(Data extracted from a collection)
Segment Open
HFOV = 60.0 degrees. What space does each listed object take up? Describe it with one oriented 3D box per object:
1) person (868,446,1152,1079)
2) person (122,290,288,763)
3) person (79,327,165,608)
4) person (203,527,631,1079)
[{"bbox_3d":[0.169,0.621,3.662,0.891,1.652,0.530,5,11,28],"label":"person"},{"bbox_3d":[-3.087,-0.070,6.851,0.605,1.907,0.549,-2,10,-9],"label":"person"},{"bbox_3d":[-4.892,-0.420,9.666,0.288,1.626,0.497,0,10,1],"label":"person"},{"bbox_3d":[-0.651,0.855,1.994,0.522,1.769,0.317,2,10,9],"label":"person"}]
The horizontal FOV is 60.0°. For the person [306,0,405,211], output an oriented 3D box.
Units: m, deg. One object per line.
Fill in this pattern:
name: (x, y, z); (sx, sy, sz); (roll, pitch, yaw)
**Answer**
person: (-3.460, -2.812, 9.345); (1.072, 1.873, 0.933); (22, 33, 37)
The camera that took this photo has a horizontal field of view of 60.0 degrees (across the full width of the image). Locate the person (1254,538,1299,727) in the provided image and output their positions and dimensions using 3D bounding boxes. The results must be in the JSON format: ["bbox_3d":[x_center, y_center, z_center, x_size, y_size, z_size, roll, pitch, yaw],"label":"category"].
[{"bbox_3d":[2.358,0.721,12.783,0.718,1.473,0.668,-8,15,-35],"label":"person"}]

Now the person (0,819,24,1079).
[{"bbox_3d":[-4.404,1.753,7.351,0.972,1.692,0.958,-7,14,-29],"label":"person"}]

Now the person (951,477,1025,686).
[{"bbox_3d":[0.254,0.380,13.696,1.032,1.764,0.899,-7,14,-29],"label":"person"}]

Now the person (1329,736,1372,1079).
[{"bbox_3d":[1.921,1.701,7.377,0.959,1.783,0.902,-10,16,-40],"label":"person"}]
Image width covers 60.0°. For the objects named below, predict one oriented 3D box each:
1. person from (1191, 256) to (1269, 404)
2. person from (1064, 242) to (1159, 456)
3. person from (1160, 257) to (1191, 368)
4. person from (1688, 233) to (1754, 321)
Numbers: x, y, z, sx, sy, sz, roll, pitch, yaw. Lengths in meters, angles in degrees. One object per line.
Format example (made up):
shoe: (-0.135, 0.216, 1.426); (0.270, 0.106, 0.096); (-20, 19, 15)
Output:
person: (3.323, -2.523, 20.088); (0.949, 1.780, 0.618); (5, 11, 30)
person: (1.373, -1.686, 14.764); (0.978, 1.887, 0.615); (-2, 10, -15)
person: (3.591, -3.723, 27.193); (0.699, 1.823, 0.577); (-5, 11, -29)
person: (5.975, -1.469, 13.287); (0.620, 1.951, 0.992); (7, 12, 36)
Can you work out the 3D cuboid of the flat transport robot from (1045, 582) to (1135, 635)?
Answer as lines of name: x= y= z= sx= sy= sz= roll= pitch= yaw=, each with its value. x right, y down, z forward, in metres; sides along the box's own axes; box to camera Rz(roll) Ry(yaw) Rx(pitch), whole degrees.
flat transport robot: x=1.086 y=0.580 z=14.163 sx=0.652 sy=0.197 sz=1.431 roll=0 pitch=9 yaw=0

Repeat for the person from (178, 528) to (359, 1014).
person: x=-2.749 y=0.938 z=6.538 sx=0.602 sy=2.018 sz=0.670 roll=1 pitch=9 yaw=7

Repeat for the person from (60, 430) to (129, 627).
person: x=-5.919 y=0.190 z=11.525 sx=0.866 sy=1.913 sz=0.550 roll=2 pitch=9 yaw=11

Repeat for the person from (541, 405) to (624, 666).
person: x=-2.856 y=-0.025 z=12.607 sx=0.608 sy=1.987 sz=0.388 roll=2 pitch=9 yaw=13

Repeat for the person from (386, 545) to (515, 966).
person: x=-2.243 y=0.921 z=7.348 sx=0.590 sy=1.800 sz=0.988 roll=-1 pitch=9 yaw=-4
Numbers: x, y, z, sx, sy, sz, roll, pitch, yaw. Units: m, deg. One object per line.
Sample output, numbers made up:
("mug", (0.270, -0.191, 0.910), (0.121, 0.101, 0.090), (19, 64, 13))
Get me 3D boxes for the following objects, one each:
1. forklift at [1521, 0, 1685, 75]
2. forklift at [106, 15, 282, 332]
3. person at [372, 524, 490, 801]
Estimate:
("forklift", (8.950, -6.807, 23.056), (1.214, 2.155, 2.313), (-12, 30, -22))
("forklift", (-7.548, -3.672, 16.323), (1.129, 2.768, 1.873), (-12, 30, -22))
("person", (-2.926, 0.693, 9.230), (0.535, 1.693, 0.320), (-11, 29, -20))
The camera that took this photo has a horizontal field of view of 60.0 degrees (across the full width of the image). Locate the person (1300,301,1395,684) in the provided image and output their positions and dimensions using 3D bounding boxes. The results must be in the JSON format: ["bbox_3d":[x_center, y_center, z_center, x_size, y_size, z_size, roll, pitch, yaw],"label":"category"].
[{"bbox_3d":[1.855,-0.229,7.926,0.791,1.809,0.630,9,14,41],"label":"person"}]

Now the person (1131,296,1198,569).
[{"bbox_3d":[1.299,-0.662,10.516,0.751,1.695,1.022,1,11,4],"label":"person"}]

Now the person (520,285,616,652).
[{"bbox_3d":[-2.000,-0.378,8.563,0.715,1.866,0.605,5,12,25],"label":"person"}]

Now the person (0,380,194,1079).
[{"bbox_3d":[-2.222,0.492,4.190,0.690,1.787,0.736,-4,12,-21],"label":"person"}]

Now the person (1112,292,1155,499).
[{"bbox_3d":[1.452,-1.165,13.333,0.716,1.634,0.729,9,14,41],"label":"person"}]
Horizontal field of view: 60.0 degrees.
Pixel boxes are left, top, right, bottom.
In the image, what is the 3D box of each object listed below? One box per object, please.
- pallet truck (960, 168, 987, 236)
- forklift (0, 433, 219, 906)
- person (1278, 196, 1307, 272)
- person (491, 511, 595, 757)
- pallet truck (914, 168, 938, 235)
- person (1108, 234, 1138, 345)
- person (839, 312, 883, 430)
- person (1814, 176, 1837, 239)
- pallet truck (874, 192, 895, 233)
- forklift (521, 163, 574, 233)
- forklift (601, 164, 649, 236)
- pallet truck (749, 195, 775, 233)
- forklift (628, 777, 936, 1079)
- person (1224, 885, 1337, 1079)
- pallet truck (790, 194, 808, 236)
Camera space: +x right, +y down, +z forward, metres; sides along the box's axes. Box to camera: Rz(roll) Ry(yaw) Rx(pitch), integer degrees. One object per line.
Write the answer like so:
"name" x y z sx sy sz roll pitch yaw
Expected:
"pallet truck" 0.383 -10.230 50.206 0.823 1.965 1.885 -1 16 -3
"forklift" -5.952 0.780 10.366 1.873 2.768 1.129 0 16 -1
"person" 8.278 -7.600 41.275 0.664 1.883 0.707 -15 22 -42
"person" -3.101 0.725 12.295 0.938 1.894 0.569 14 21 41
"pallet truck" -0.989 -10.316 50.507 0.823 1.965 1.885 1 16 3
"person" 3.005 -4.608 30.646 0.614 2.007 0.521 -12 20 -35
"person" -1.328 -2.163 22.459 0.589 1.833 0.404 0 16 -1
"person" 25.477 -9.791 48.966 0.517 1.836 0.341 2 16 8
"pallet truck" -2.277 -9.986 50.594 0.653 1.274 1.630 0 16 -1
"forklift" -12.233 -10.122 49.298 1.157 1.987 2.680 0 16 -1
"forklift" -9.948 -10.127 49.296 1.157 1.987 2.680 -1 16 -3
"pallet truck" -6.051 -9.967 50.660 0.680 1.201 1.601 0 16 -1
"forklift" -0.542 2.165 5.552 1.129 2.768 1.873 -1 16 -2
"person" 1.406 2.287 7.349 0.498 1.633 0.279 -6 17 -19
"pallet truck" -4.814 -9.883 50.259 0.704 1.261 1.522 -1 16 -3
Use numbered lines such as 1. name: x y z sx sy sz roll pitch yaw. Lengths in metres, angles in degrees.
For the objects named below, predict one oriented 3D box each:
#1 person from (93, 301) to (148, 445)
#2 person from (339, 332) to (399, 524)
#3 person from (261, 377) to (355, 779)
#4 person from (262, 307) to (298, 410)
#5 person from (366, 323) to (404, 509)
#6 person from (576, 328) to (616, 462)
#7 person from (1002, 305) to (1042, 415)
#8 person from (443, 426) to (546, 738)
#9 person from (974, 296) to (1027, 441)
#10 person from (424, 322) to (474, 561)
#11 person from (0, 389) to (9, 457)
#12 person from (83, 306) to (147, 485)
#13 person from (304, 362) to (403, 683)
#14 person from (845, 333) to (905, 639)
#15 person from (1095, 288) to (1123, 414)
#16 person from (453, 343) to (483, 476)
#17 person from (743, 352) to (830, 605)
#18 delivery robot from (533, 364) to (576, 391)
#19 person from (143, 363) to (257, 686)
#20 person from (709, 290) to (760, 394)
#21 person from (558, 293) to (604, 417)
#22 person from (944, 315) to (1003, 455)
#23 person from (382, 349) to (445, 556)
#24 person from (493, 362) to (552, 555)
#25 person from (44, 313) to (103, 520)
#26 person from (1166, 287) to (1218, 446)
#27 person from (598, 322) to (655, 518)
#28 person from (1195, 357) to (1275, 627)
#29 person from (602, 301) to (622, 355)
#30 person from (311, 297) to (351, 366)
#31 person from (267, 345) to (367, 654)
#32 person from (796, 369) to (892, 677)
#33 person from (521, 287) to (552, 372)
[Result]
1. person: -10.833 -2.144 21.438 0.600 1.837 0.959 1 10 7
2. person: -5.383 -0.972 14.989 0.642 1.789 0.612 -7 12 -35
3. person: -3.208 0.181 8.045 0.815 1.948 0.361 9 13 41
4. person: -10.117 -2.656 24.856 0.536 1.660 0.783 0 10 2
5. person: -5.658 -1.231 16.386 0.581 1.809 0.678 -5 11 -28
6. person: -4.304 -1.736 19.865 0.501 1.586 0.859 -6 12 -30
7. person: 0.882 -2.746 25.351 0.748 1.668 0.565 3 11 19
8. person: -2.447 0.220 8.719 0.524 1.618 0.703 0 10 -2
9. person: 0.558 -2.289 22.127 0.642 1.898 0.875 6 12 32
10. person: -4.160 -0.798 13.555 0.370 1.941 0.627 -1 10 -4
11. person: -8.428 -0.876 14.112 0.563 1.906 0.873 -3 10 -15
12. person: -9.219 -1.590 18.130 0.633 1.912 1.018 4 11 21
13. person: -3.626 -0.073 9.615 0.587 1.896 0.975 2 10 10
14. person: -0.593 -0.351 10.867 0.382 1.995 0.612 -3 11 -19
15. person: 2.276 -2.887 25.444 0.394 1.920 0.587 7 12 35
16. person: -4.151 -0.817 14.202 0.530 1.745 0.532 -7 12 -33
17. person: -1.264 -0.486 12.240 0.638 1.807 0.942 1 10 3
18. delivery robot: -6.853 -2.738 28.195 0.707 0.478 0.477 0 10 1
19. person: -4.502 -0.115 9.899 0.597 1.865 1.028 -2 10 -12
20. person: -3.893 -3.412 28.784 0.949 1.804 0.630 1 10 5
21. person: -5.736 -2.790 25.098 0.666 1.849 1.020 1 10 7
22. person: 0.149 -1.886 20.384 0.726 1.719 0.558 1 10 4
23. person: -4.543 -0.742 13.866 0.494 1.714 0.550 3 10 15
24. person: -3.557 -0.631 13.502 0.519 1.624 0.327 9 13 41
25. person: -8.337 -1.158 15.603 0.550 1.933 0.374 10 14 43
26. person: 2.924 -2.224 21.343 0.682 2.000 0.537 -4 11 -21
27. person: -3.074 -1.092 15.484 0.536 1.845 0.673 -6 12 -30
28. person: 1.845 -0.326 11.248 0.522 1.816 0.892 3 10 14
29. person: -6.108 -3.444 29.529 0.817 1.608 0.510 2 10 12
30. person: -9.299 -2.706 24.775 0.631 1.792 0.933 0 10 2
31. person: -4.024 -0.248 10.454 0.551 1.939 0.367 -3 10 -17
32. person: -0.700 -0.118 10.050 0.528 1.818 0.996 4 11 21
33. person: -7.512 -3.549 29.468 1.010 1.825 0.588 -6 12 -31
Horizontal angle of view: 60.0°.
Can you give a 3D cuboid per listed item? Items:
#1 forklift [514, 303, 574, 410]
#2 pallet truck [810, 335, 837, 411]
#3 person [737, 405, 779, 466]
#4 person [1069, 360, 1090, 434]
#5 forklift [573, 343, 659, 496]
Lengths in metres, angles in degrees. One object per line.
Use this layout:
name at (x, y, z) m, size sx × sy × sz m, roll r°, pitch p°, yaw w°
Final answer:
Segment Closed
**Activity:**
From the first line of the data above to the line holding "shoe: (-0.135, 0.216, 1.426);", reproduce each line exactly; emit no other lines.

**Task output:**
HFOV = 60.0 degrees. What space does each listed object take up? Describe it with one oriented 3D box per object:
1) person (868,446,1152,1079)
2) person (122,290,288,763)
3) person (79,327,165,608)
4) person (203,527,631,1079)
[{"bbox_3d":[0.169,0.621,3.662,0.891,1.652,0.530,5,11,28],"label":"person"},{"bbox_3d":[-3.087,-0.070,6.851,0.605,1.907,0.549,-2,10,-9],"label":"person"},{"bbox_3d":[-4.892,-0.420,9.666,0.288,1.626,0.497,0,10,1],"label":"person"},{"bbox_3d":[-0.651,0.855,1.994,0.522,1.769,0.317,2,10,9],"label":"person"}]
The horizontal FOV is 60.0°. For the person [306,0,405,211], output an oriented 3D box.
Units: m, deg. One object per line.
Fill in this pattern:
name: (x, y, z); (sx, sy, sz); (roll, pitch, yaw)
**Answer**
person: (-3.460, -2.812, 9.345); (1.072, 1.873, 0.933); (22, 33, 37)
The camera that took this photo has a horizontal field of view of 60.0 degrees (across the full width of the image). Locate the person (1254,538,1299,727) in the provided image and output their positions and dimensions using 3D bounding boxes. The results must be in the JSON format: ["bbox_3d":[x_center, y_center, z_center, x_size, y_size, z_size, roll, pitch, yaw],"label":"category"].
[{"bbox_3d":[2.358,0.721,12.783,0.718,1.473,0.668,-8,15,-35],"label":"person"}]

Now the person (0,819,24,1079).
[{"bbox_3d":[-4.404,1.753,7.351,0.972,1.692,0.958,-7,14,-29],"label":"person"}]

Now the person (951,477,1025,686).
[{"bbox_3d":[0.254,0.380,13.696,1.032,1.764,0.899,-7,14,-29],"label":"person"}]

Now the person (1329,736,1372,1079).
[{"bbox_3d":[1.921,1.701,7.377,0.959,1.783,0.902,-10,16,-40],"label":"person"}]
Image width covers 60.0°. For the objects named below, predict one oriented 3D box each:
1. person from (1191, 256) to (1269, 404)
2. person from (1064, 242) to (1159, 456)
3. person from (1160, 257) to (1191, 368)
4. person from (1688, 233) to (1754, 321)
Numbers: x, y, z, sx, sy, sz, roll, pitch, yaw. Lengths in meters, angles in degrees. One object per line.
Format example (made up):
shoe: (-0.135, 0.216, 1.426); (0.270, 0.106, 0.096); (-20, 19, 15)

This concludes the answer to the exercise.